**The task**
Every line of the following records that includes "degrees" should be copied.

**Data records**
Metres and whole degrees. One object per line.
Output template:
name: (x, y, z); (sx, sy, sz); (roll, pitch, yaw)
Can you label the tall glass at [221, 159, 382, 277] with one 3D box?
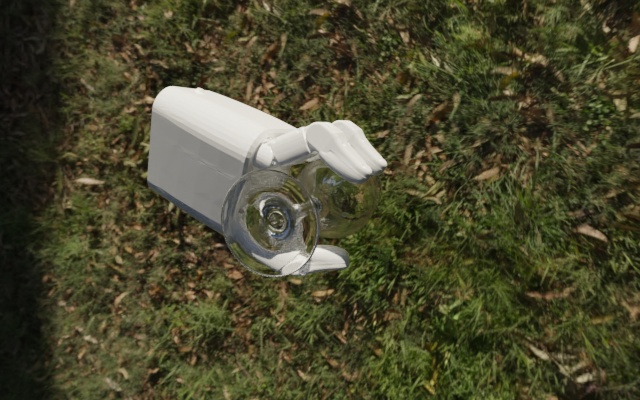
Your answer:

==

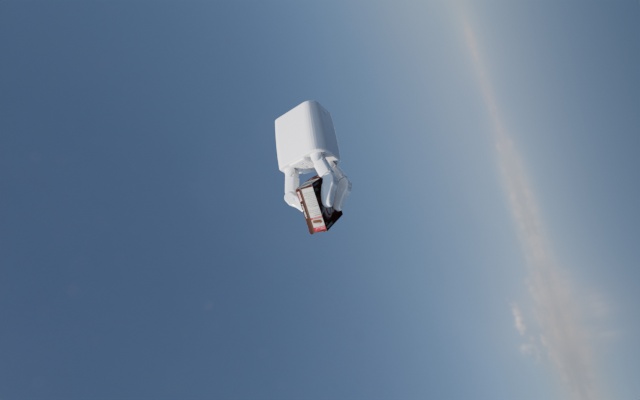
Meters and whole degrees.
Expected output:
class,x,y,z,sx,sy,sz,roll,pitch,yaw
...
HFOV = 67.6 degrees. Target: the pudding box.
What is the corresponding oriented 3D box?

**Task result**
Metres and whole degrees. One object per line.
Meters and whole degrees.
HFOV = 67.6 degrees. Target: the pudding box.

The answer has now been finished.